INSTRUCTIONS FOR THE TASK:
Nothing but an exact copy is wanted: the line with "text U kunt" and each line after it in the data below, last line included.

::::::::

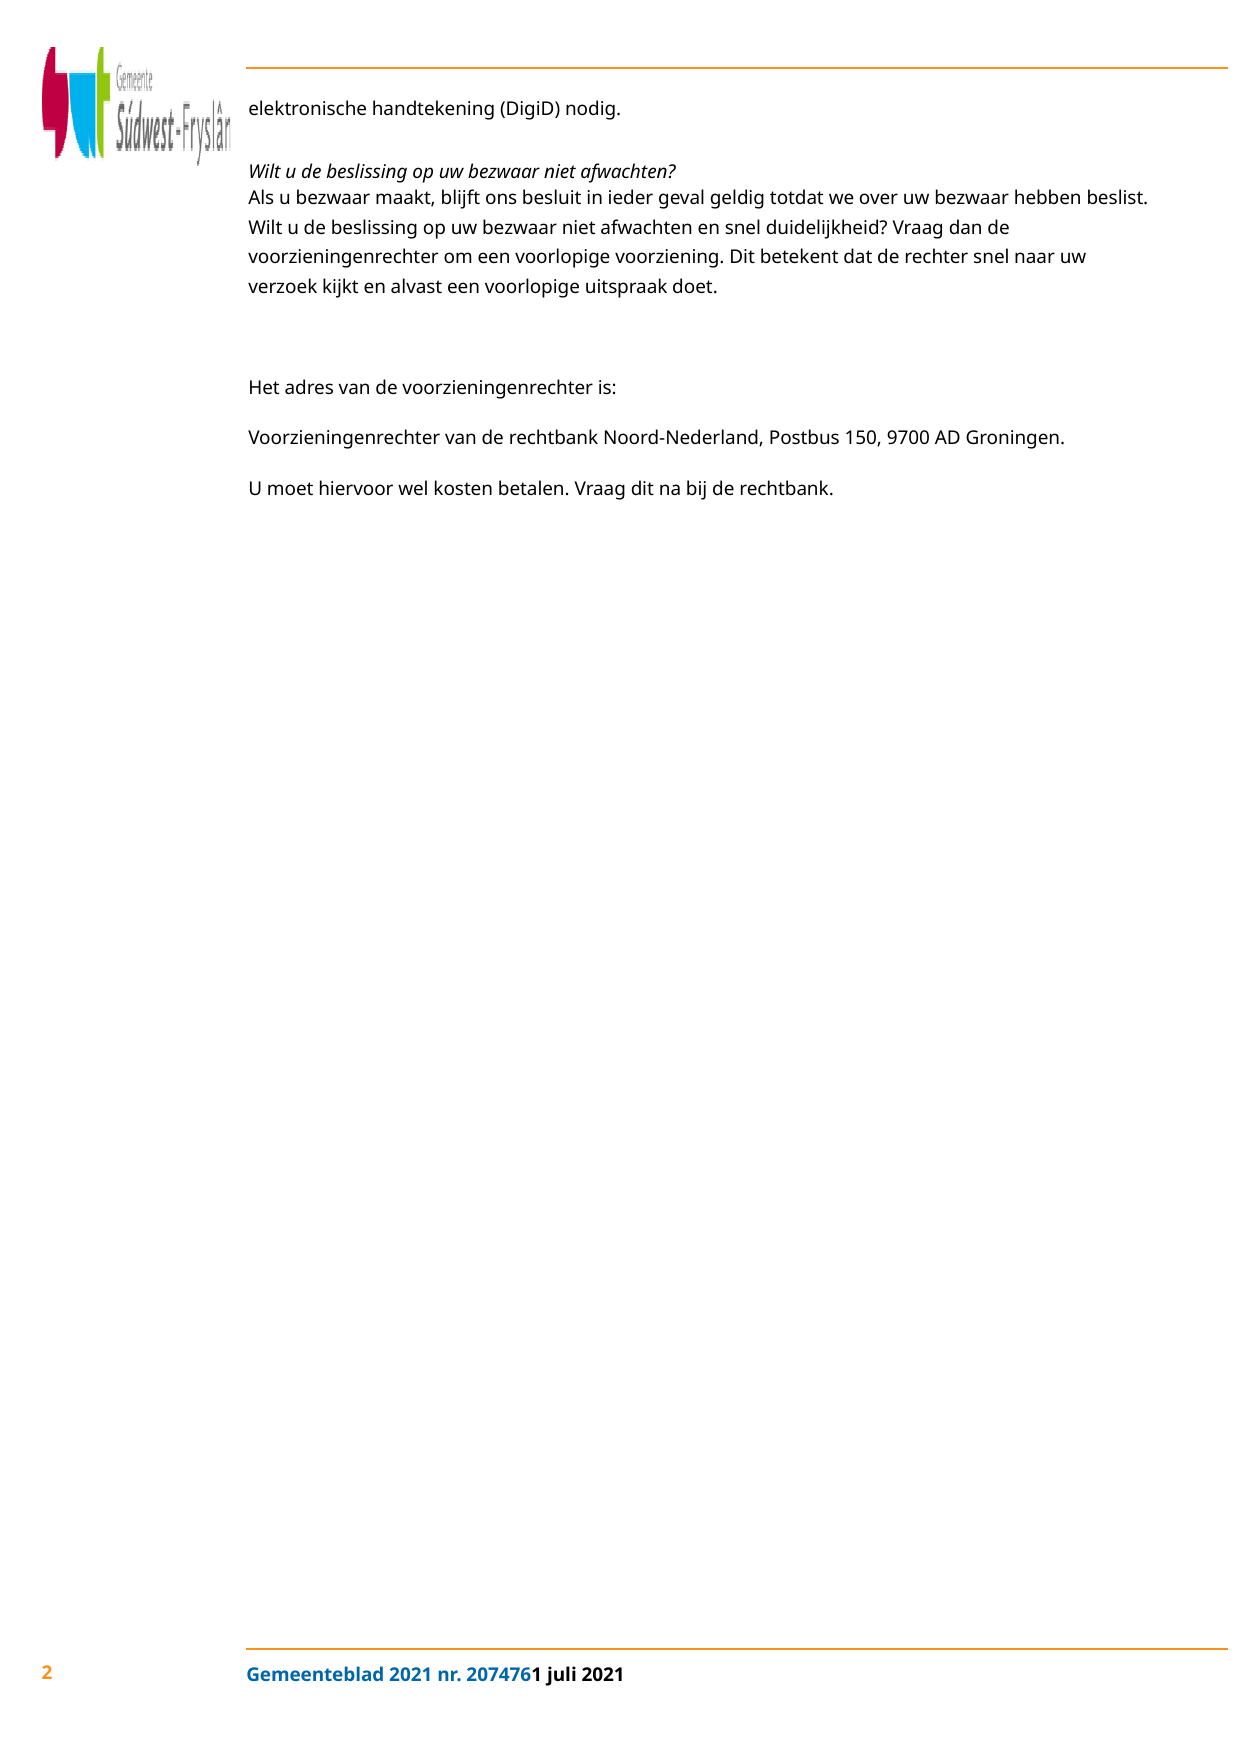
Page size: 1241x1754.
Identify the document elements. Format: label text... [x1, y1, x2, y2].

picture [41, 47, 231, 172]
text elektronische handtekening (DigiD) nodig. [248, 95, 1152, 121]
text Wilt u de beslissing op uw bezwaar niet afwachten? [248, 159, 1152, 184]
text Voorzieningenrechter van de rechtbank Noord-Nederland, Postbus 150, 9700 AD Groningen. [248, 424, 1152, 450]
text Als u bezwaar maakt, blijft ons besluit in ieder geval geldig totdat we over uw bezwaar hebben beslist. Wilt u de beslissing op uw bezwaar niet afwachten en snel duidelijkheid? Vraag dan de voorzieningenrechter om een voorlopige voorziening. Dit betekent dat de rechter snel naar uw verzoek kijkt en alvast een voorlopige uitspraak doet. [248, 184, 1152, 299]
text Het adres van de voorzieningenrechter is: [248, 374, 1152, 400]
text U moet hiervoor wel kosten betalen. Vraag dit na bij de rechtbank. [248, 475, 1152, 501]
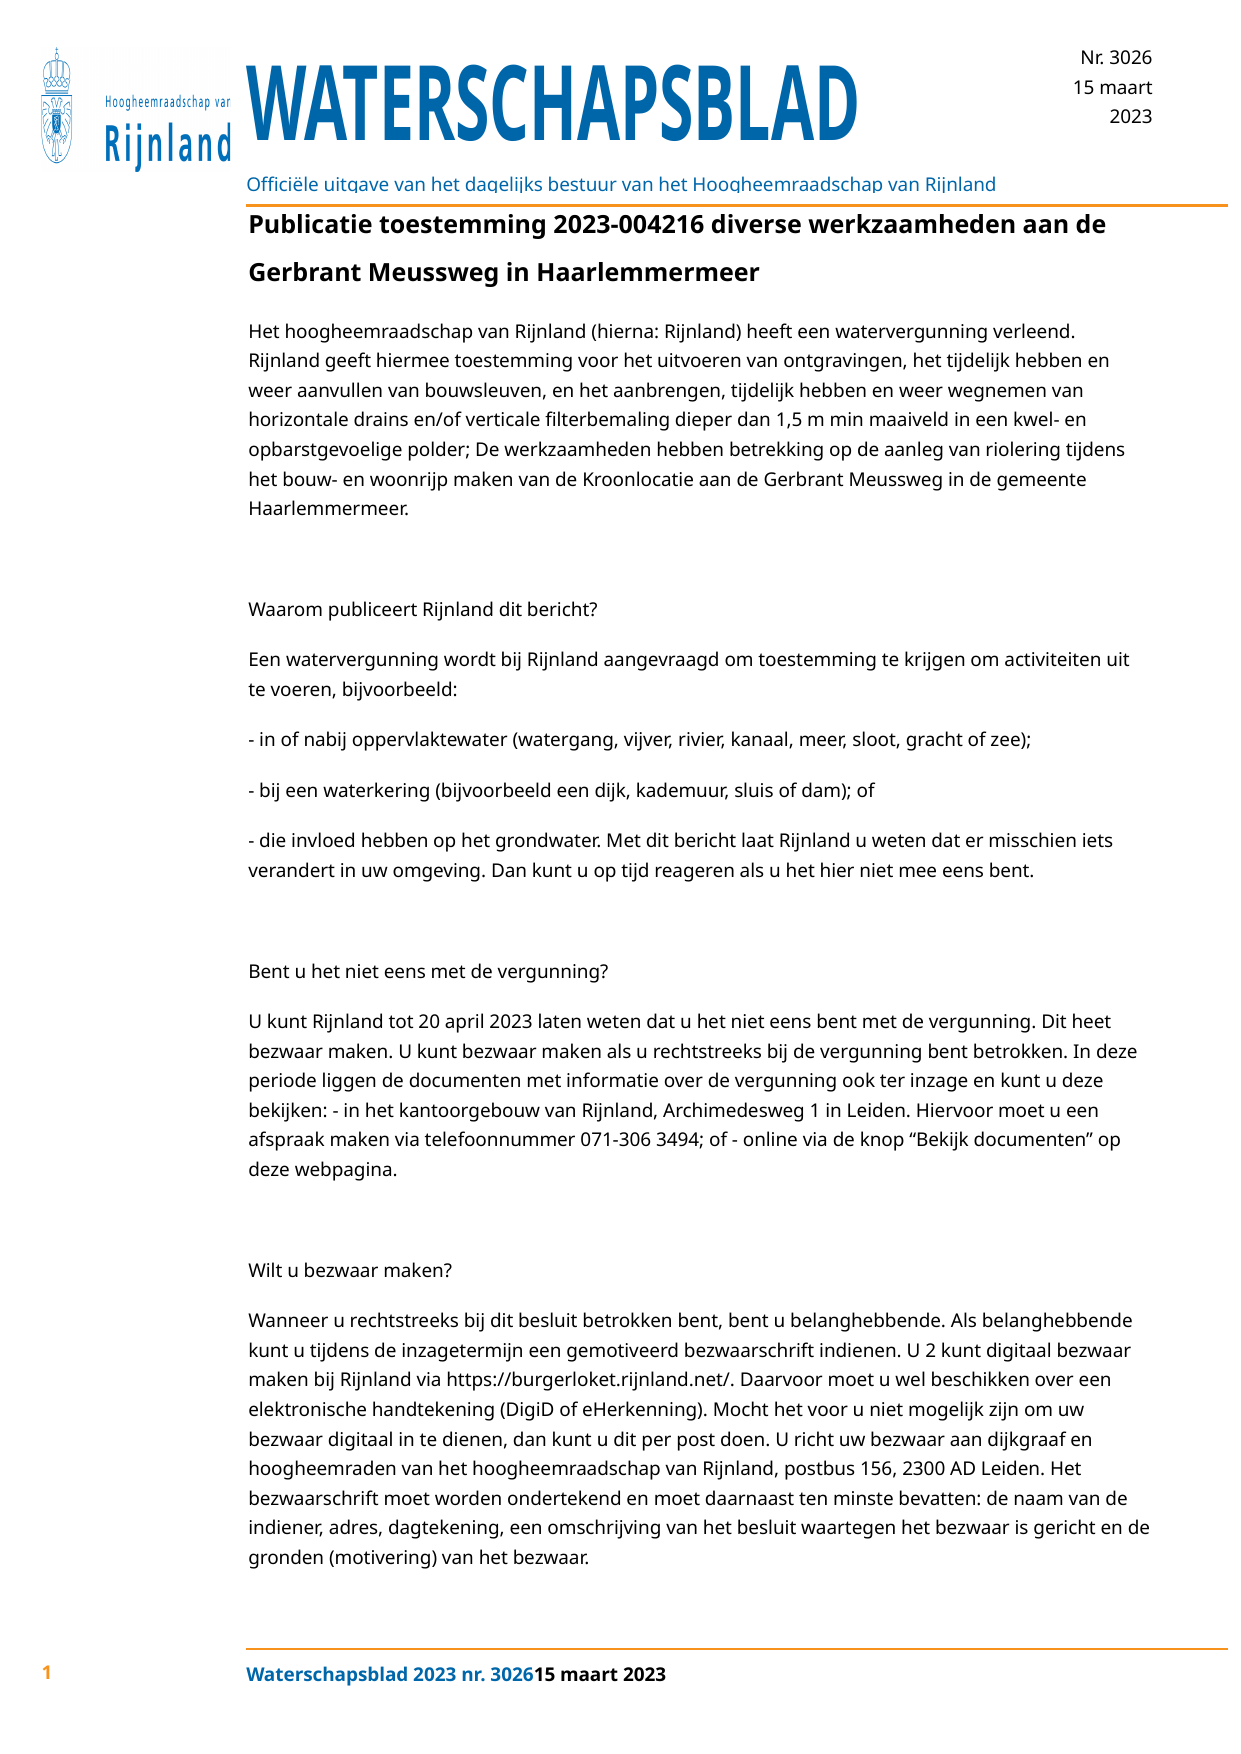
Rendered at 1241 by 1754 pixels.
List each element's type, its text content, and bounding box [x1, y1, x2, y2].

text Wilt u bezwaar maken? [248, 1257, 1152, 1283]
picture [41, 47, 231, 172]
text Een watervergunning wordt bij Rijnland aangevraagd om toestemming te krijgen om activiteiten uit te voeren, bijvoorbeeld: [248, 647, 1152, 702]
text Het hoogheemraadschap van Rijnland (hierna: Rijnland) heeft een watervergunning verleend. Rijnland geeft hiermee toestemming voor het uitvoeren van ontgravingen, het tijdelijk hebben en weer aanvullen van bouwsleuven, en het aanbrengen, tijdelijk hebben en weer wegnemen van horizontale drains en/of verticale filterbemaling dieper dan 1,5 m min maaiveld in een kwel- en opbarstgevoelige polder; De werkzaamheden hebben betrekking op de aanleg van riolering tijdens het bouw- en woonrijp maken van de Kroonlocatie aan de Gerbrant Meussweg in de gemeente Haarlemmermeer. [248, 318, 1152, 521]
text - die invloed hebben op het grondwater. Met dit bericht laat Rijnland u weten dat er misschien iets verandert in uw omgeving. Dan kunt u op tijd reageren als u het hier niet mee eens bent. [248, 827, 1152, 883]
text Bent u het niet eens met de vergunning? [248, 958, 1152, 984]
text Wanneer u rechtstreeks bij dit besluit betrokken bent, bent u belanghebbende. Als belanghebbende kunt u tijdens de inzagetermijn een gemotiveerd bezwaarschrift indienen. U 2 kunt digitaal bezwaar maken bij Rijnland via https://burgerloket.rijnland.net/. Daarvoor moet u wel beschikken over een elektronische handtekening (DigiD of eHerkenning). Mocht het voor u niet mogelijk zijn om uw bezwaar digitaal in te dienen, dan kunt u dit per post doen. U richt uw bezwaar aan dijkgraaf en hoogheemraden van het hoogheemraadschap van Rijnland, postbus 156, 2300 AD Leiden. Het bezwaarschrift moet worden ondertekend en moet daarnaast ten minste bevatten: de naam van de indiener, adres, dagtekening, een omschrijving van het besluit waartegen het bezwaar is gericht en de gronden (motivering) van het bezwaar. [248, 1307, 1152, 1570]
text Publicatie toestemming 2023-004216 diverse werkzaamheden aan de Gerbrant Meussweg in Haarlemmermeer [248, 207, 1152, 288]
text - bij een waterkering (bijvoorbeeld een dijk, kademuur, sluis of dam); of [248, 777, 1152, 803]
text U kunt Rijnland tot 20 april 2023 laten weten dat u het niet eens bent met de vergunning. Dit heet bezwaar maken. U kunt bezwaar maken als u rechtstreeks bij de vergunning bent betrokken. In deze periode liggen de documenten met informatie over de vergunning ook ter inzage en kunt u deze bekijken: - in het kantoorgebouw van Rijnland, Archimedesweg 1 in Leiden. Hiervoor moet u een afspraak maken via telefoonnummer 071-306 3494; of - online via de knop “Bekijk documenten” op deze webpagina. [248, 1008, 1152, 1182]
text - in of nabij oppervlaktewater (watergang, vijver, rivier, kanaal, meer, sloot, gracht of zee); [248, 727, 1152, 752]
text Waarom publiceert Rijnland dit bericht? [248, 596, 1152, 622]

::::::::

ANSWER BOX:
text U kunt Rijnland tot 20 april 2023 laten weten dat u het niet eens bent met de vergunning. Dit heet bezwaar maken. U kunt bezwaar maken als u rechtstreeks bij de vergunning bent betrokken. In deze periode liggen de documenten met informatie over de vergunning ook ter inzage en kunt u deze bekijken: - in het kantoorgebouw van Rijnland, Archimedesweg 1 in Leiden. Hiervoor moet u een afspraak maken via telefoonnummer 071-306 3494; of - online via de knop “Bekijk documenten” op deze webpagina. [248, 1008, 1152, 1182]
text - in of nabij oppervlaktewater (watergang, vijver, rivier, kanaal, meer, sloot, gracht of zee); [248, 727, 1152, 752]
text Waarom publiceert Rijnland dit bericht? [248, 596, 1152, 622]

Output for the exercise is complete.